§ Exercise details
Calculate how many lines in the following records hold the word "sysdate", and report that number without comment.

§ Source data
-------

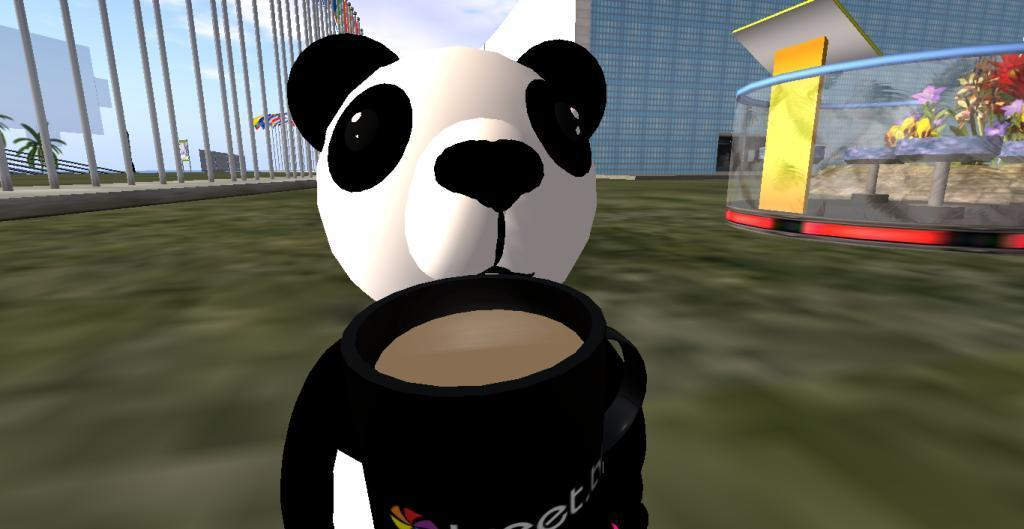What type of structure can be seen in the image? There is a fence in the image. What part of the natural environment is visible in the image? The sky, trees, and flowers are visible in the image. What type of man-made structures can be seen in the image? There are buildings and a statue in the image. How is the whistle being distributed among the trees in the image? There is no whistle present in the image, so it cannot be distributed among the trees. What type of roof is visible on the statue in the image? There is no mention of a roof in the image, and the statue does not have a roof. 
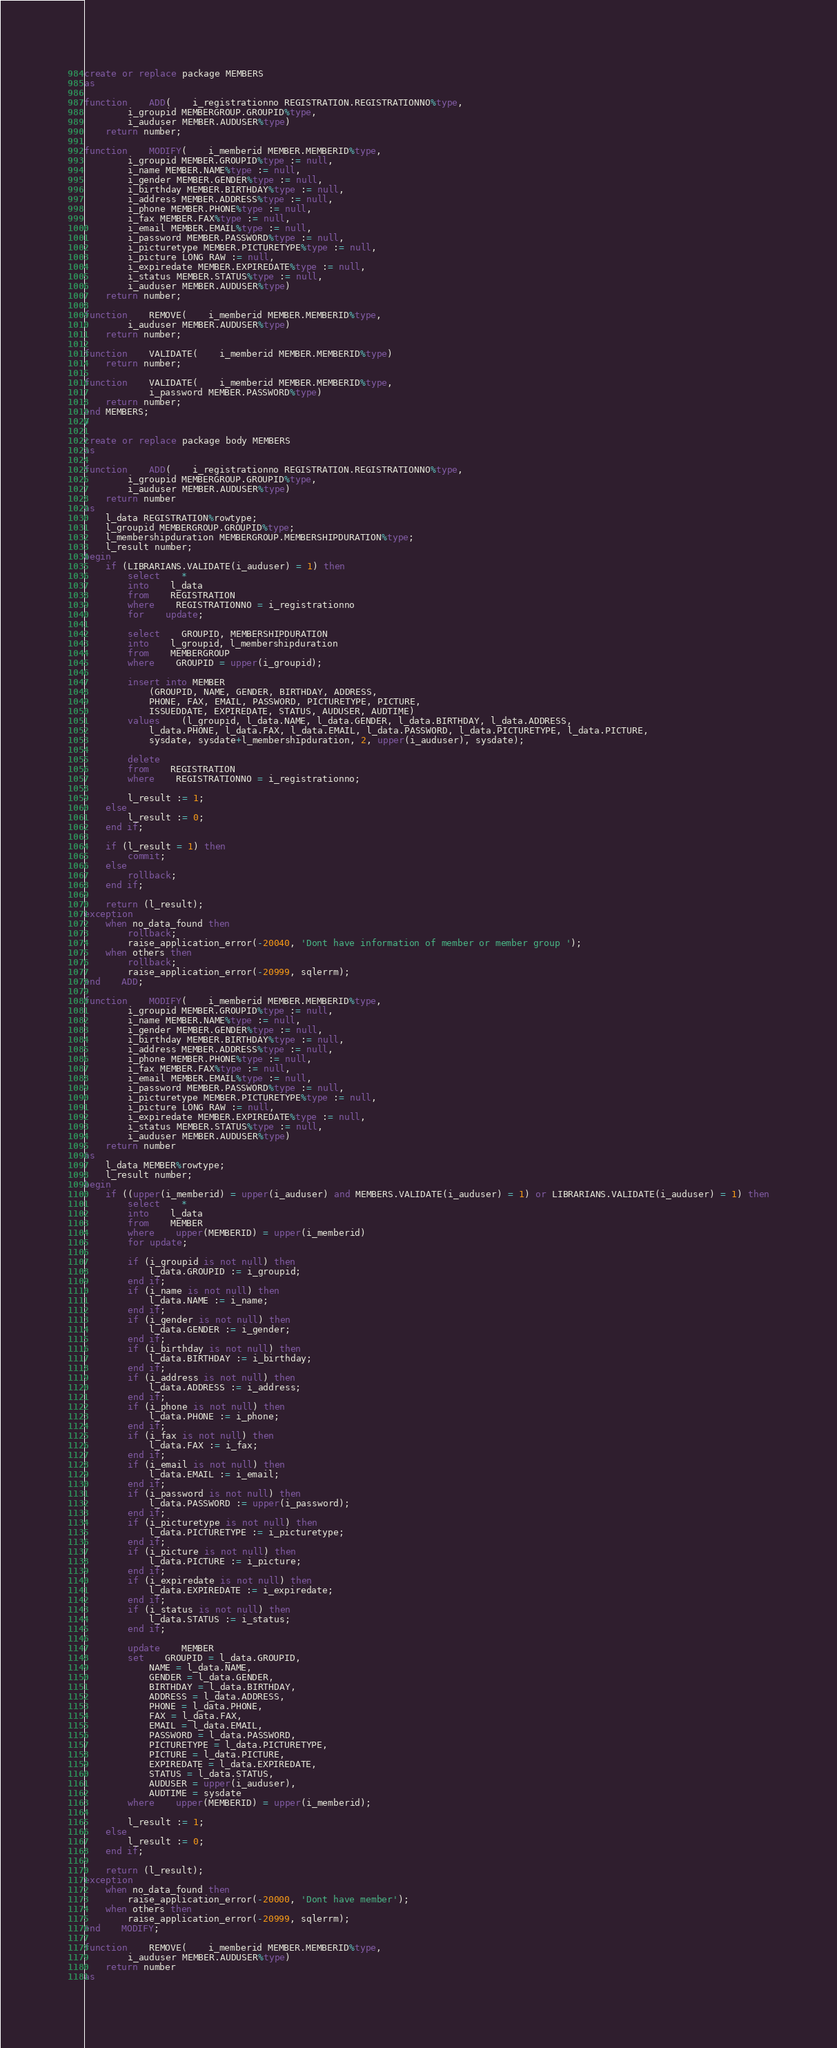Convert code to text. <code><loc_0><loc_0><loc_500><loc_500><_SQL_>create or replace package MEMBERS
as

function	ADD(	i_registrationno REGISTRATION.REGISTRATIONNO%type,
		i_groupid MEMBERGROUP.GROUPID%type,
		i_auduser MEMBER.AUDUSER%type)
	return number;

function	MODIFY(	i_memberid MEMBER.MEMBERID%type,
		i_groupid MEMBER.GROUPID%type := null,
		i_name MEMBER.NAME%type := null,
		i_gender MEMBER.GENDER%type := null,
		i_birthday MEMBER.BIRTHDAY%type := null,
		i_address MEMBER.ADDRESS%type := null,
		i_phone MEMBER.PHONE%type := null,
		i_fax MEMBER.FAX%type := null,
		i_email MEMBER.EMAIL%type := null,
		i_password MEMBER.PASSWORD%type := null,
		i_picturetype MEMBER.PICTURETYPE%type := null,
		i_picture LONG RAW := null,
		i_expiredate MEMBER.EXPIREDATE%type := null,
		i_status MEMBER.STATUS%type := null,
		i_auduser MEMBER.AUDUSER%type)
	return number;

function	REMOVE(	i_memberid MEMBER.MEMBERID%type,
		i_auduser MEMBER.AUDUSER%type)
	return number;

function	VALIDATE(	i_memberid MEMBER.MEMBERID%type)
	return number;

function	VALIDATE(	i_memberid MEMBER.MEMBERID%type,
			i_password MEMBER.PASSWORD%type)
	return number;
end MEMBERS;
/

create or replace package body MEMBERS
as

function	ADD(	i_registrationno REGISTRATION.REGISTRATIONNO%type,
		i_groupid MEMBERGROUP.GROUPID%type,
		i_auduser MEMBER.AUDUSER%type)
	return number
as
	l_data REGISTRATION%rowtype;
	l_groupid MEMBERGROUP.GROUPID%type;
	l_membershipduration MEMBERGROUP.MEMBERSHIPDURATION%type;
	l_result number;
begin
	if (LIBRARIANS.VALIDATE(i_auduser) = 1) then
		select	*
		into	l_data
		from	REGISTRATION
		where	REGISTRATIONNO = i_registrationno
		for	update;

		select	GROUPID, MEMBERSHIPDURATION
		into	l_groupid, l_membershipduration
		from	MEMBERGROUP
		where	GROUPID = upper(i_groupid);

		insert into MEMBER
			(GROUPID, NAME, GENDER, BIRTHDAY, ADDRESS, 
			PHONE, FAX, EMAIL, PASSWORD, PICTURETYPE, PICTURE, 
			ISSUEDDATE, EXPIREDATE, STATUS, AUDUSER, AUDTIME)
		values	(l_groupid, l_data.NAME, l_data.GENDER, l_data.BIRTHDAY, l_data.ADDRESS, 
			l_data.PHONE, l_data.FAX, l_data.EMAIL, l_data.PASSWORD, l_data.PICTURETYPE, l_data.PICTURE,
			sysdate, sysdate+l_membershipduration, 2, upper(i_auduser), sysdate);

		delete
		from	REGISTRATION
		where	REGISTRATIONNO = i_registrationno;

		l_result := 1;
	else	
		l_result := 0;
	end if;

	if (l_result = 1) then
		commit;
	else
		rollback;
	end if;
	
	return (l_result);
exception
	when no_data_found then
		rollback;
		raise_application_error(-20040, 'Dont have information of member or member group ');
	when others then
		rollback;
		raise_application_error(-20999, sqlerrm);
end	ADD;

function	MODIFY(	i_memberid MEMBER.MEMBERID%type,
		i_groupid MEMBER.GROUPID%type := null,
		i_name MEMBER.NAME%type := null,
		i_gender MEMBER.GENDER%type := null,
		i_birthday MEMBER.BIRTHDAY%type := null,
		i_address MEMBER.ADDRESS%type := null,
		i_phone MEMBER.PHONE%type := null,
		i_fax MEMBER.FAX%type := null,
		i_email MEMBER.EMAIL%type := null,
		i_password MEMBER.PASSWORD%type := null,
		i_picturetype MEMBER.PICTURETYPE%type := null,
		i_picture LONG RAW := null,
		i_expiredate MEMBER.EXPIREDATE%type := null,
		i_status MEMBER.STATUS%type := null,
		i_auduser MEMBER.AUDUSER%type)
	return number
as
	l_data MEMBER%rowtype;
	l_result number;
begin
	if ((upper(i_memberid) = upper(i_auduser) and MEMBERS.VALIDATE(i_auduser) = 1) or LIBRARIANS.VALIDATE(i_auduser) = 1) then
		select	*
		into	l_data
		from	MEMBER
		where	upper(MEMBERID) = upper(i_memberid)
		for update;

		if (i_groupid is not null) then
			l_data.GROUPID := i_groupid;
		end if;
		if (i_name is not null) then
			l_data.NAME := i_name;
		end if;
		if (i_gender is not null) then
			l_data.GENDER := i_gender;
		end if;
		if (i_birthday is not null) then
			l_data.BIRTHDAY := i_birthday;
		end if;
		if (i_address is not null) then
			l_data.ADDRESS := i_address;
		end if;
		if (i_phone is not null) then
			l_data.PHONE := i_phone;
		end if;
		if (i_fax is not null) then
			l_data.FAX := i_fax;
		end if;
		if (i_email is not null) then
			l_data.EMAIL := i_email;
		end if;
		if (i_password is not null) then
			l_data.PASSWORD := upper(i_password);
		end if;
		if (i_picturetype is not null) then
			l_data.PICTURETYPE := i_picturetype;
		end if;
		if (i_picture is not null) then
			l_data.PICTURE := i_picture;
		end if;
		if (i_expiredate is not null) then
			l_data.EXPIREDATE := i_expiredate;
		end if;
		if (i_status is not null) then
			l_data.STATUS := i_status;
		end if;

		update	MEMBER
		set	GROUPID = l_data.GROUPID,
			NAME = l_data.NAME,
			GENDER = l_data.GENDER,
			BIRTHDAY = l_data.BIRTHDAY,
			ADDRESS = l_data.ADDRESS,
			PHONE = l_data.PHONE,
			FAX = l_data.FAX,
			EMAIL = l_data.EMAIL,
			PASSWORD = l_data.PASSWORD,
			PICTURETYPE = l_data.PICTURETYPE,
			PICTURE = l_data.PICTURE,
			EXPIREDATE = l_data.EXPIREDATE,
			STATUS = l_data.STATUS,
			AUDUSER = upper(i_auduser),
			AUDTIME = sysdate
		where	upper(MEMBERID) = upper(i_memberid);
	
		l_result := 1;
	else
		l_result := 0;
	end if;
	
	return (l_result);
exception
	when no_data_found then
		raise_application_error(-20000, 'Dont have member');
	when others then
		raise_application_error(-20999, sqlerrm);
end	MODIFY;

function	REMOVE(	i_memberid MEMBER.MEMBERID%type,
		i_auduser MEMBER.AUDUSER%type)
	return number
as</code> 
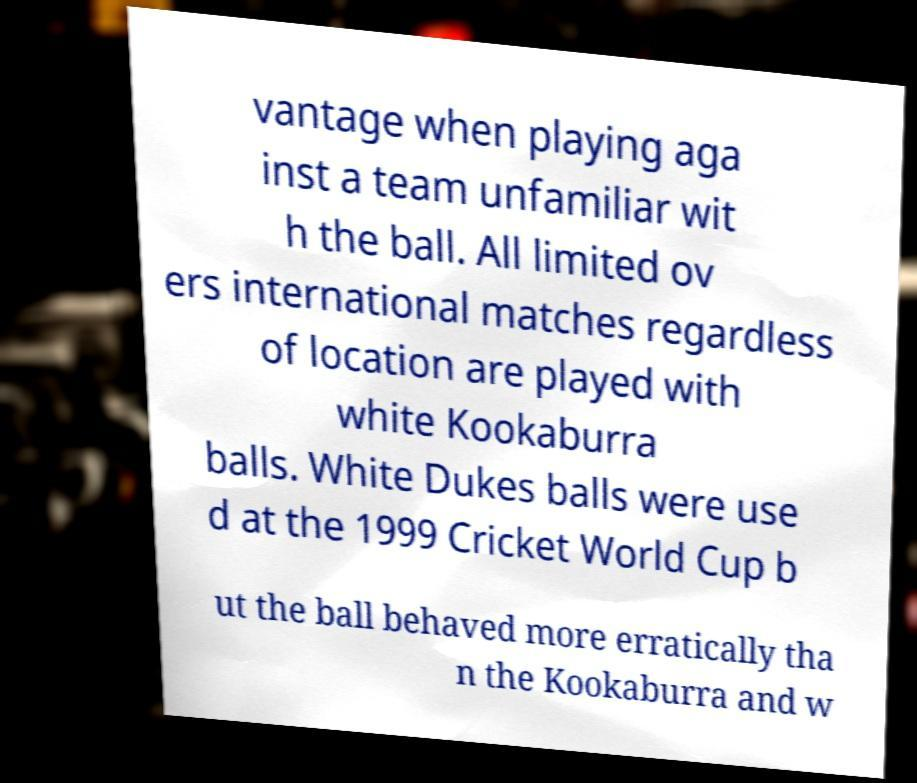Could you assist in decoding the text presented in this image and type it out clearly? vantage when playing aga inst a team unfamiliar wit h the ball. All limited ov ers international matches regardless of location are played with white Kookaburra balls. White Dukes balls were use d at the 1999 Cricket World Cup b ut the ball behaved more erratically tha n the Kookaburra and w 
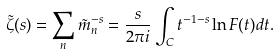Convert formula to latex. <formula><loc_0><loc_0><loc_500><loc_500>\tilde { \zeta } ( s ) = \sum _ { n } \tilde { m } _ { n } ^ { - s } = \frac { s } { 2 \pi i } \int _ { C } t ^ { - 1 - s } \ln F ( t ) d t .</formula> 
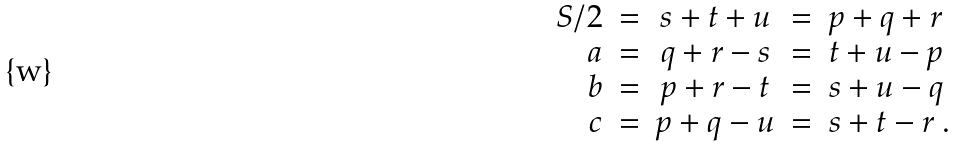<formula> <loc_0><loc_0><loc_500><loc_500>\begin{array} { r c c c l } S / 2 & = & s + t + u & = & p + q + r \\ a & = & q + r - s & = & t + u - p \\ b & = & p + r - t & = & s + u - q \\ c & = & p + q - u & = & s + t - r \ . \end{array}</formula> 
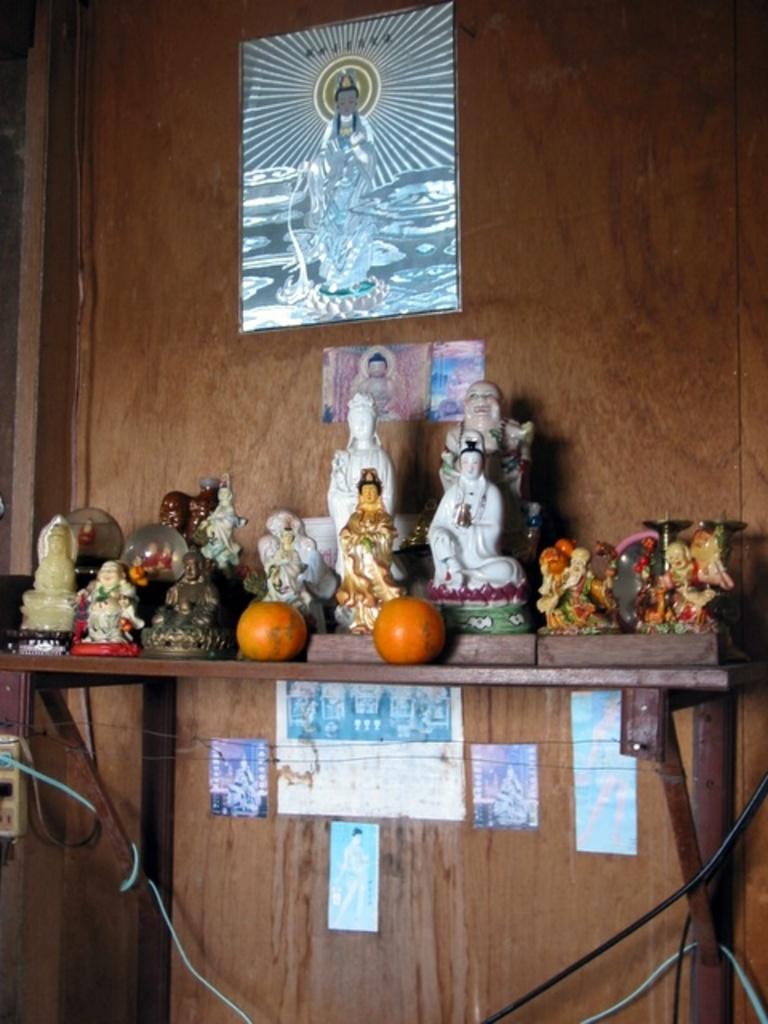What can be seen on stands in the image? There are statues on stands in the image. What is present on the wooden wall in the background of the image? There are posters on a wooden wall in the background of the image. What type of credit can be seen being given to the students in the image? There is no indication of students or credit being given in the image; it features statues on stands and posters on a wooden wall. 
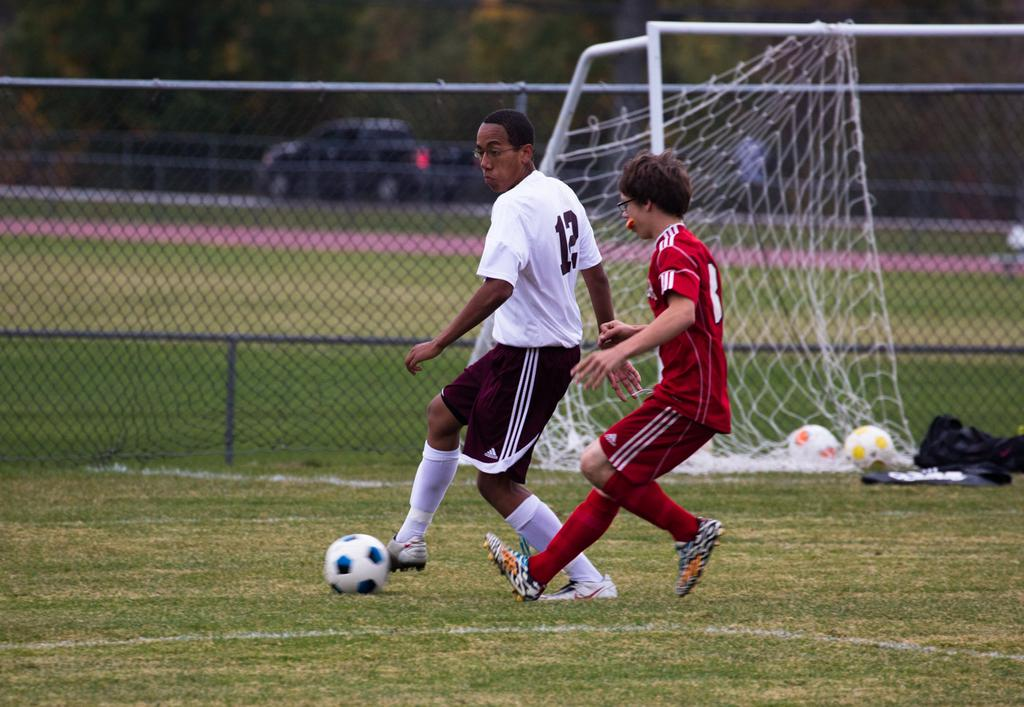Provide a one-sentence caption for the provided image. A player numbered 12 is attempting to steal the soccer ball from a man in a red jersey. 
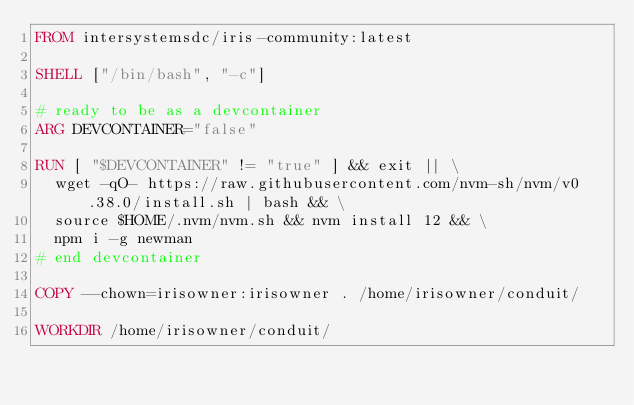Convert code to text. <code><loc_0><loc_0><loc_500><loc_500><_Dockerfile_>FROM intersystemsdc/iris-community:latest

-------

§ Output below
2